| Work item |
Set down every record below exactly as it stands, minus the pictures.

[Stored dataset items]
• • • • •

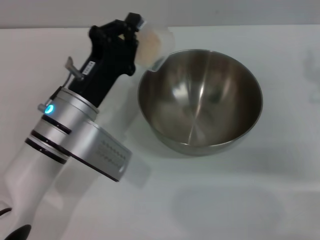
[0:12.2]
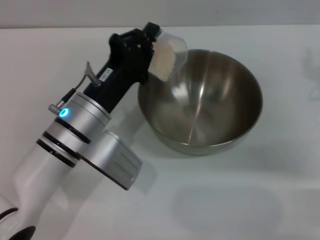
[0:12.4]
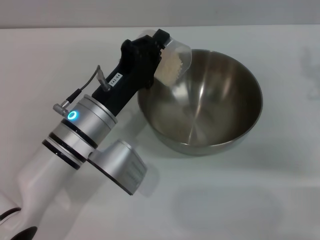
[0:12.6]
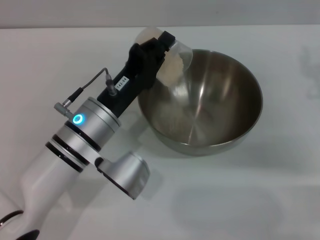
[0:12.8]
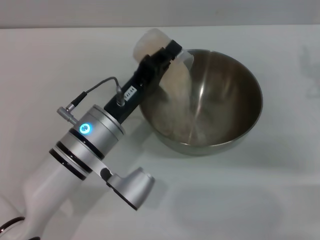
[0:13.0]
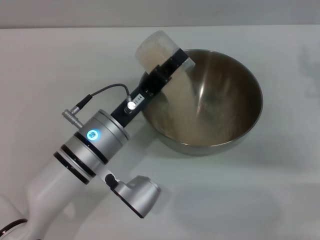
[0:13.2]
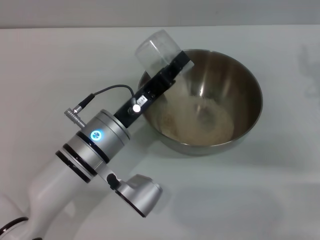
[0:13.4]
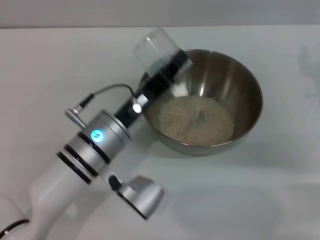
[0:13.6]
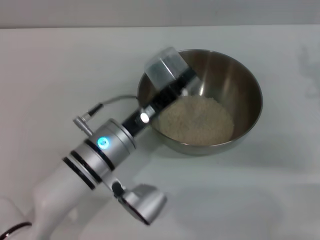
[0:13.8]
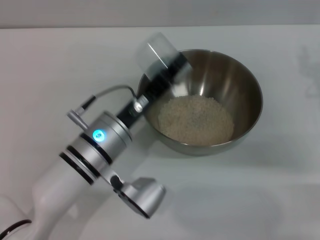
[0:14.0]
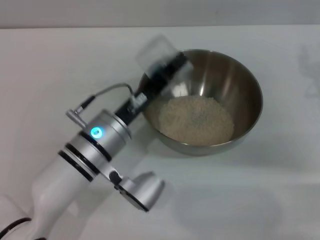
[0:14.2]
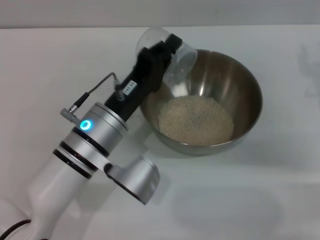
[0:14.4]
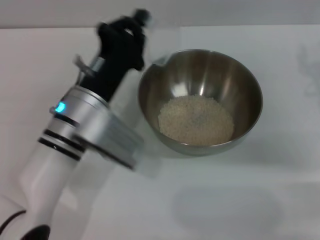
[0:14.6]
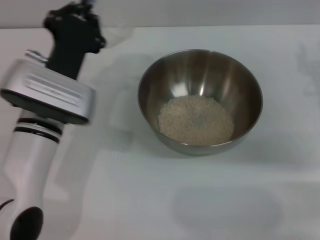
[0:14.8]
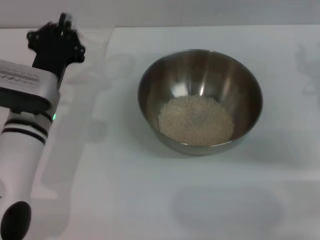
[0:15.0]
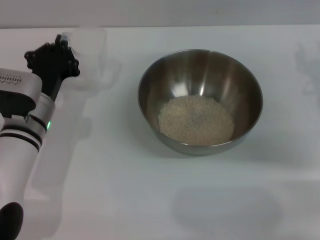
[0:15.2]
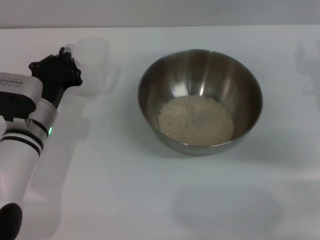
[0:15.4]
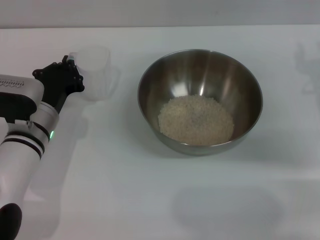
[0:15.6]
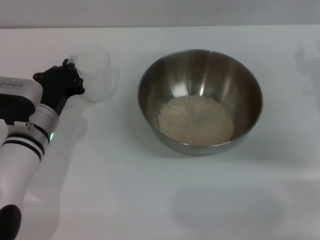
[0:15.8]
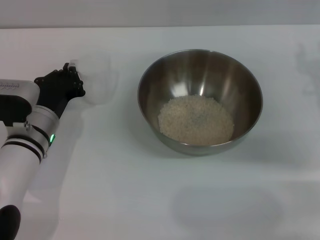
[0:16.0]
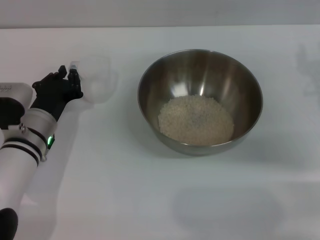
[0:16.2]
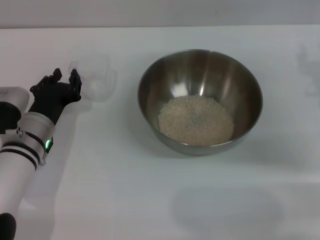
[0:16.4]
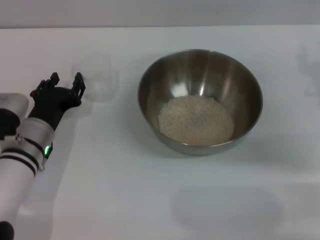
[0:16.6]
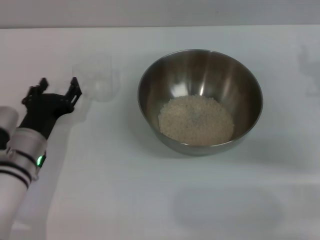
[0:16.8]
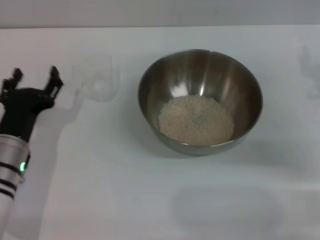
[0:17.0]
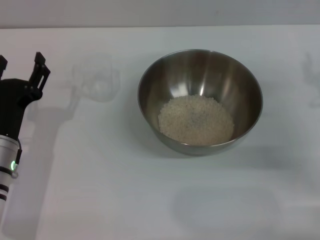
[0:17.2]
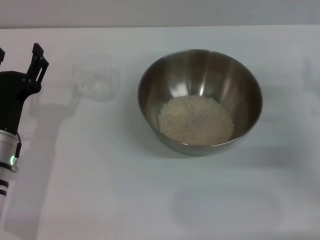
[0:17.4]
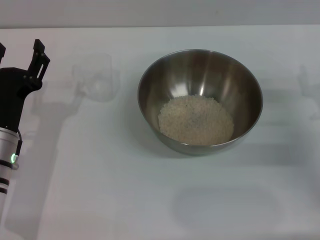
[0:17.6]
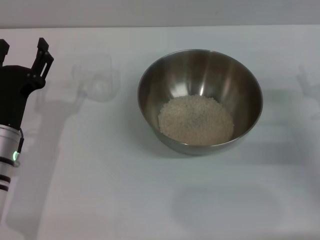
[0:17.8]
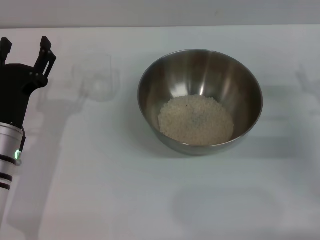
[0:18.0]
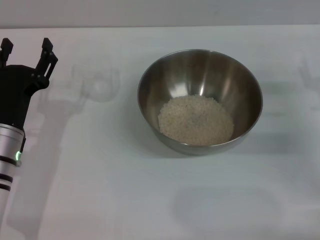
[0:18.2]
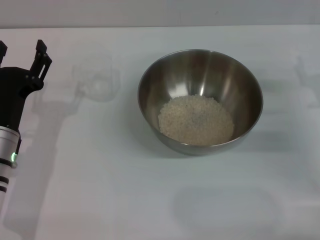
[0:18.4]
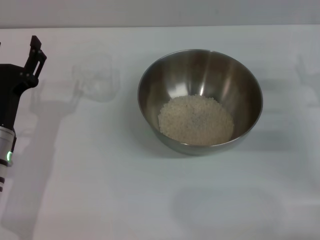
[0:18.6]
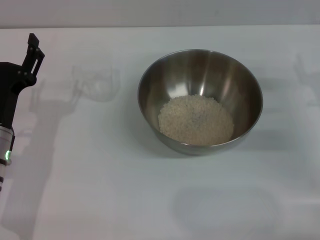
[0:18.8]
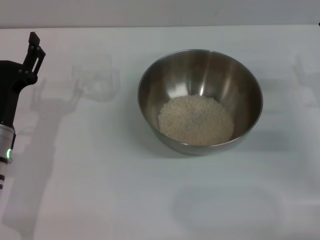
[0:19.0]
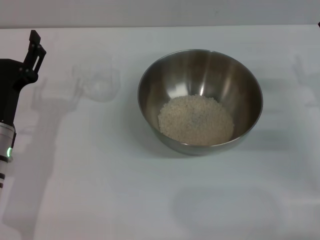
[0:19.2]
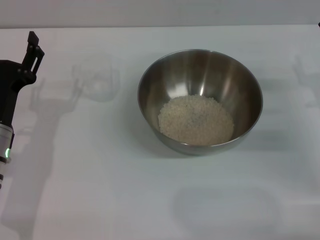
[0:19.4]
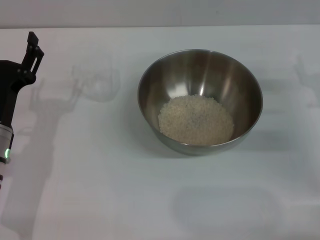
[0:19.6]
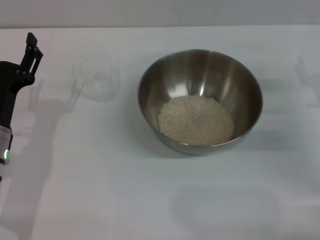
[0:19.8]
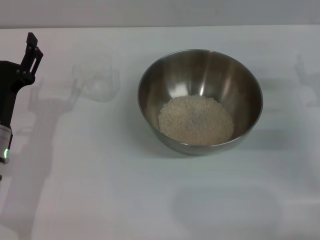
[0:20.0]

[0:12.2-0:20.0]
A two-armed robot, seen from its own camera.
Task of the whole recording: Place the bowl in the middle of the table with one hand and pour the rice from the grain cup into it with the other hand.
Step, 0:12.2 to 0:14.0: Pour the rice from the cup into the bowl with the left gripper.
Step, 0:14.4 to 0:16.8: Place the cup on the table with the left gripper.
0:13.8 to 0:15.4: The left gripper moves to the left and forward, approximately 10 cm.
0:15.4 to 0:16.8: The left gripper opens.
0:18.4 to 0:20.0: Neither gripper changes place.

• • • • •

| Your response |
[0:12.2]
[0:12.4]
[0:12.6]
[0:12.8]
[0:13.0]
[0:13.2]
[0:13.4]
[0:13.6]
[0:13.8]
[0:14.0]
[0:14.2]
[0:14.4]
[0:14.6]
[0:14.8]
[0:15.0]
[0:15.2]
[0:15.4]
[0:15.6]
[0:15.8]
[0:16.0]
[0:16.2]
[0:16.4]
[0:16.6]
[0:16.8]
[0:17.0]
[0:17.2]
[0:17.4]
[0:17.6]
[0:17.8]
[0:18.0]
[0:18.2]
[0:18.4]
[0:18.6]
[0:18.8]
[0:19.0]
[0:19.2]
[0:19.4]
[0:19.6]
[0:19.8]
[0:20.0]

[0:12.2-0:20.0]
A two-armed robot, seen from its own camera.
Task of the whole recording: Place the bowl in the middle of the table with one hand and pour the rice from the grain cup into it with the other hand.
Step, 0:12.2 to 0:14.0: Pour the rice from the cup into the bowl with the left gripper.
Step, 0:14.4 to 0:16.8: Place the cup on the table with the left gripper.
0:13.8 to 0:15.4: The left gripper moves to the left and forward, approximately 10 cm.
0:15.4 to 0:16.8: The left gripper opens.
0:18.4 to 0:20.0: Neither gripper changes place.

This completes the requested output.